**TASK DETAILS:** Where does the word "Crash" show up in the data? Please find each such line and copy it.

Stored entries:
+ + + + + + +

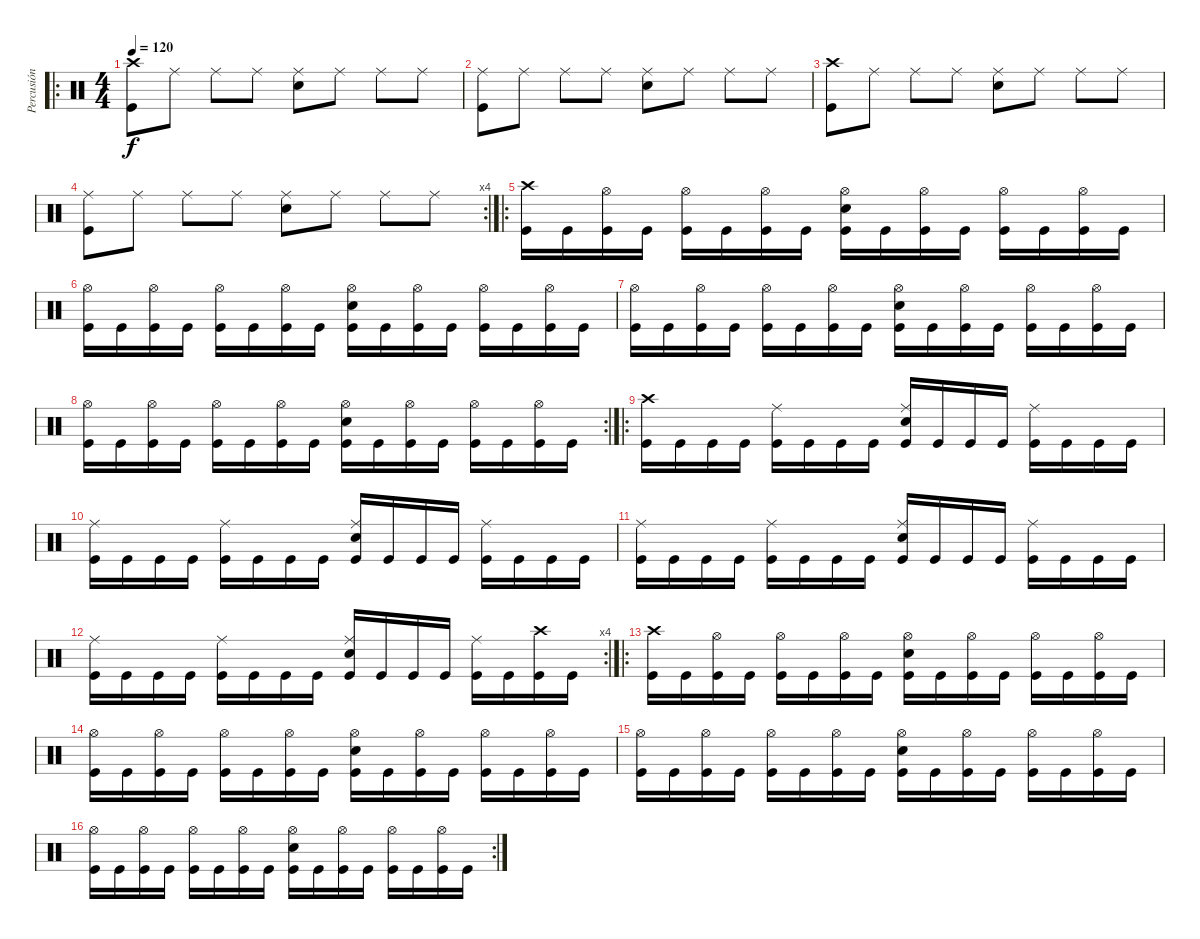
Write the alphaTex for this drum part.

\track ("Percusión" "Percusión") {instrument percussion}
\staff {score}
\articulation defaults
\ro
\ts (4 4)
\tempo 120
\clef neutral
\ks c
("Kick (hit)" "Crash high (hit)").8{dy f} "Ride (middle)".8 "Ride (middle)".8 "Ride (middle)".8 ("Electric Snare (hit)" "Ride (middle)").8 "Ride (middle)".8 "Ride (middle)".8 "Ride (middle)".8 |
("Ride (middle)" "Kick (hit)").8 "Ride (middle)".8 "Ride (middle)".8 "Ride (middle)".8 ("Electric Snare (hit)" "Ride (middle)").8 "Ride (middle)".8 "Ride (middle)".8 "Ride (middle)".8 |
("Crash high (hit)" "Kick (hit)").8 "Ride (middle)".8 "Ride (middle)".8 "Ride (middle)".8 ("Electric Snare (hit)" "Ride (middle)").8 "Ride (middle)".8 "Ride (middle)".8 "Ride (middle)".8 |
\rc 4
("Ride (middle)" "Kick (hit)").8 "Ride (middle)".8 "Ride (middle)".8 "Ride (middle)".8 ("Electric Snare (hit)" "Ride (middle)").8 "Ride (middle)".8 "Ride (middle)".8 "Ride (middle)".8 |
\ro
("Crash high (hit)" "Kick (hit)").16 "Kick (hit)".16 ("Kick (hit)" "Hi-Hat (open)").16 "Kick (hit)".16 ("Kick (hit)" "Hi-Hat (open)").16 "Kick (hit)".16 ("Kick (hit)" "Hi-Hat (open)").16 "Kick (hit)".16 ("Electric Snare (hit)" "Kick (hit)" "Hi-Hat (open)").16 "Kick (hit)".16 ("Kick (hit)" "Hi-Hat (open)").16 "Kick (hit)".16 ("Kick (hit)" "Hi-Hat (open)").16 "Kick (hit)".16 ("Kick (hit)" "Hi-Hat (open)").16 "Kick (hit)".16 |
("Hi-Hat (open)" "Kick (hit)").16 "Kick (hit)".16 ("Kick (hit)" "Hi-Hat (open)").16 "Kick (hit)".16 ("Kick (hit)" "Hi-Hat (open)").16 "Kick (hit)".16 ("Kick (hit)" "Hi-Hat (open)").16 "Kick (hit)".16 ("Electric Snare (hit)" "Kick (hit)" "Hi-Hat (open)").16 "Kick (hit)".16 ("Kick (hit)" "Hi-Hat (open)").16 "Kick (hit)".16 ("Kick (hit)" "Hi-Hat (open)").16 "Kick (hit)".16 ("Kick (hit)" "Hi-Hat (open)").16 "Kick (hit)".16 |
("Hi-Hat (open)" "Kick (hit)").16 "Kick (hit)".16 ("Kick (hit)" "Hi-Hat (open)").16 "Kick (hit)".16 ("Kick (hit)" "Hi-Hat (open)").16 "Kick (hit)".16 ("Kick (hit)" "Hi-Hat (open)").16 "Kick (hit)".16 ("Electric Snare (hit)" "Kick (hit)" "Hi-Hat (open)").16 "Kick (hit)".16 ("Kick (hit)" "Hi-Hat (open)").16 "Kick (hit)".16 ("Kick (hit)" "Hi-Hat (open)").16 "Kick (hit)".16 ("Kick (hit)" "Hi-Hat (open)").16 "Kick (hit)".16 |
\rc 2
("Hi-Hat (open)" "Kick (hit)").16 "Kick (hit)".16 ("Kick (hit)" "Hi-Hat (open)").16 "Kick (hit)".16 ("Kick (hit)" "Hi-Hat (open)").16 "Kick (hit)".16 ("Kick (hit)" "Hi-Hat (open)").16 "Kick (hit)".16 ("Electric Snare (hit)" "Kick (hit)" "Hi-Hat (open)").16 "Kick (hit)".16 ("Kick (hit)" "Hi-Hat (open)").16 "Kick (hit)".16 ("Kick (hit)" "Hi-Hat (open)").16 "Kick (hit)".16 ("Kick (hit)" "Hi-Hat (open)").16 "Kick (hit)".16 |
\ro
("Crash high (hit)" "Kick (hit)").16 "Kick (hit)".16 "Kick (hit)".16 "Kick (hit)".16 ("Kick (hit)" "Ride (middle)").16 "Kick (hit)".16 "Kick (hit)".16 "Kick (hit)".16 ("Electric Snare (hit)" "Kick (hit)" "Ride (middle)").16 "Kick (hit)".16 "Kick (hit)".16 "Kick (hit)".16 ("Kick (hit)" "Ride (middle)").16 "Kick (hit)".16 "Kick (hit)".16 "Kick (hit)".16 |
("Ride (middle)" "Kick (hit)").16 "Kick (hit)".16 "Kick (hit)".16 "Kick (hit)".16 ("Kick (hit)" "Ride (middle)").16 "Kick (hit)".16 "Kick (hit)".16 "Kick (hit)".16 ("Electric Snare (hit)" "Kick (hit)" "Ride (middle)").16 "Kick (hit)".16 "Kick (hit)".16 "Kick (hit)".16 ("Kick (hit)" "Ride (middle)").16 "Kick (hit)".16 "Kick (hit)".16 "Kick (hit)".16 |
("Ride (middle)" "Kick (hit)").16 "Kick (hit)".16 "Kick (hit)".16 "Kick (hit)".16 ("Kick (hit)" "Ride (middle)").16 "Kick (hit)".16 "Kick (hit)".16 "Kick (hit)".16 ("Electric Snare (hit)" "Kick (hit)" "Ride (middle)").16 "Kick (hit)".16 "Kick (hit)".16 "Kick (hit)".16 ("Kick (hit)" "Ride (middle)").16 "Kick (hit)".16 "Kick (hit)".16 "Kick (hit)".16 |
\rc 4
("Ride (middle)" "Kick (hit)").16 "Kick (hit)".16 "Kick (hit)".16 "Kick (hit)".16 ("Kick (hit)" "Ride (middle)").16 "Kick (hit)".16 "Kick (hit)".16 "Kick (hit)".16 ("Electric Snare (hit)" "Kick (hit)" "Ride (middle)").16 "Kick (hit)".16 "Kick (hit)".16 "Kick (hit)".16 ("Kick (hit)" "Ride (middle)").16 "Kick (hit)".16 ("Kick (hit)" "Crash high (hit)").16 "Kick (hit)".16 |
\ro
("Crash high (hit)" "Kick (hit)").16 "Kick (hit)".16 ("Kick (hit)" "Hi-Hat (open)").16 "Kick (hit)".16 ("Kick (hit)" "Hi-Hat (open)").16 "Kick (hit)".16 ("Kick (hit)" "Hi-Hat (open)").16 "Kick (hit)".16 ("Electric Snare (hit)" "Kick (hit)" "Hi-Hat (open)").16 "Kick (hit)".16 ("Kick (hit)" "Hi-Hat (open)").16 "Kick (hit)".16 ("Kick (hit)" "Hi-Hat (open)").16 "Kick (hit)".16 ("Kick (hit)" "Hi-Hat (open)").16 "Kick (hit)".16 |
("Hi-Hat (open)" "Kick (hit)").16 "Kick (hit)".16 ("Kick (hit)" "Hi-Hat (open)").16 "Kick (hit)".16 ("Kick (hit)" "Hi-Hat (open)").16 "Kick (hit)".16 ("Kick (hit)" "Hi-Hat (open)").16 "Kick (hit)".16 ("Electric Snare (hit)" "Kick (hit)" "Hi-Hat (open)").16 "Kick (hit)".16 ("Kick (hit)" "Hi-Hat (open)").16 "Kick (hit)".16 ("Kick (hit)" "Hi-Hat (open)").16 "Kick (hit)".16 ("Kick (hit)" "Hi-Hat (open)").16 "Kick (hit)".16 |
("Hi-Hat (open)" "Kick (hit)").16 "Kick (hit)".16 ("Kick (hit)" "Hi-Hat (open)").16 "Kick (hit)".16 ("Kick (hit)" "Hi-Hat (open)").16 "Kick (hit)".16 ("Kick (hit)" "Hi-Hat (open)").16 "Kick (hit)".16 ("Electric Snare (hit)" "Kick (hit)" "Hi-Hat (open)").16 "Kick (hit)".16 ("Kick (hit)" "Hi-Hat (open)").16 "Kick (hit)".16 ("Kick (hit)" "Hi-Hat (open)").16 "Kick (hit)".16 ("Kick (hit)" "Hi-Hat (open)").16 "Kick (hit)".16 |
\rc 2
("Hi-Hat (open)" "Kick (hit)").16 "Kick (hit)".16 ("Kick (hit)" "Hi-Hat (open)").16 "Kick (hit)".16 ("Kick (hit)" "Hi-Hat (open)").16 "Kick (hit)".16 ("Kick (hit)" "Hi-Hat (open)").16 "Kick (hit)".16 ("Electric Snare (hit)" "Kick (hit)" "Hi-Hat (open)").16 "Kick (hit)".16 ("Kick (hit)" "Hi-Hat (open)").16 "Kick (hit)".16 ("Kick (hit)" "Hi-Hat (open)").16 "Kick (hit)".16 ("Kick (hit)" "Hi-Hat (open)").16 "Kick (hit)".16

+ + + + + + +

**TASK RESULT:**
("Kick (hit)" "Crash high (hit)").8{dy f} "Ride (middle)".8 "Ride (middle)".8 "Ride (middle)".8 ("Electric Snare (hit)" "Ride (middle)").8 "Ride (middle)".8 "Ride (middle)".8 "Ride (middle)".8 |
("Crash high (hit)" "Kick (hit)").8 "Ride (middle)".8 "Ride (middle)".8 "Ride (middle)".8 ("Electric Snare (hit)" "Ride (middle)").8 "Ride (middle)".8 "Ride (middle)".8 "Ride (middle)".8 |
("Crash high (hit)" "Kick (hit)").16 "Kick (hit)".16 ("Kick (hit)" "Hi-Hat (open)").16 "Kick (hit)".16 ("Kick (hit)" "Hi-Hat (open)").16 "Kick (hit)".16 ("Kick (hit)" "Hi-Hat (open)").16 "Kick (hit)".16 ("Electric Snare (hit)" "Kick (hit)" "Hi-Hat (open)").16 "Kick (hit)".16 ("Kick (hit)" "Hi-Hat (open)").16 "Kick (hit)".16 ("Kick (hit)" "Hi-Hat (open)").16 "Kick (hit)".16 ("Kick (hit)" "Hi-Hat (open)").16 "Kick (hit)".16 |
("Crash high (hit)" "Kick (hit)").16 "Kick (hit)".16 "Kick (hit)".16 "Kick (hit)".16 ("Kick (hit)" "Ride (middle)").16 "Kick (hit)".16 "Kick (hit)".16 "Kick (hit)".16 ("Electric Snare (hit)" "Kick (hit)" "Ride (middle)").16 "Kick (hit)".16 "Kick (hit)".16 "Kick (hit)".16 ("Kick (hit)" "Ride (middle)").16 "Kick (hit)".16 "Kick (hit)".16 "Kick (hit)".16 |
("Ride (middle)" "Kick (hit)").16 "Kick (hit)".16 "Kick (hit)".16 "Kick (hit)".16 ("Kick (hit)" "Ride (middle)").16 "Kick (hit)".16 "Kick (hit)".16 "Kick (hit)".16 ("Electric Snare (hit)" "Kick (hit)" "Ride (middle)").16 "Kick (hit)".16 "Kick (hit)".16 "Kick (hit)".16 ("Kick (hit)" "Ride (middle)").16 "Kick (hit)".16 ("Kick (hit)" "Crash high (hit)").16 "Kick (hit)".16 |
("Crash high (hit)" "Kick (hit)").16 "Kick (hit)".16 ("Kick (hit)" "Hi-Hat (open)").16 "Kick (hit)".16 ("Kick (hit)" "Hi-Hat (open)").16 "Kick (hit)".16 ("Kick (hit)" "Hi-Hat (open)").16 "Kick (hit)".16 ("Electric Snare (hit)" "Kick (hit)" "Hi-Hat (open)").16 "Kick (hit)".16 ("Kick (hit)" "Hi-Hat (open)").16 "Kick (hit)".16 ("Kick (hit)" "Hi-Hat (open)").16 "Kick (hit)".16 ("Kick (hit)" "Hi-Hat (open)").16 "Kick (hit)".16 |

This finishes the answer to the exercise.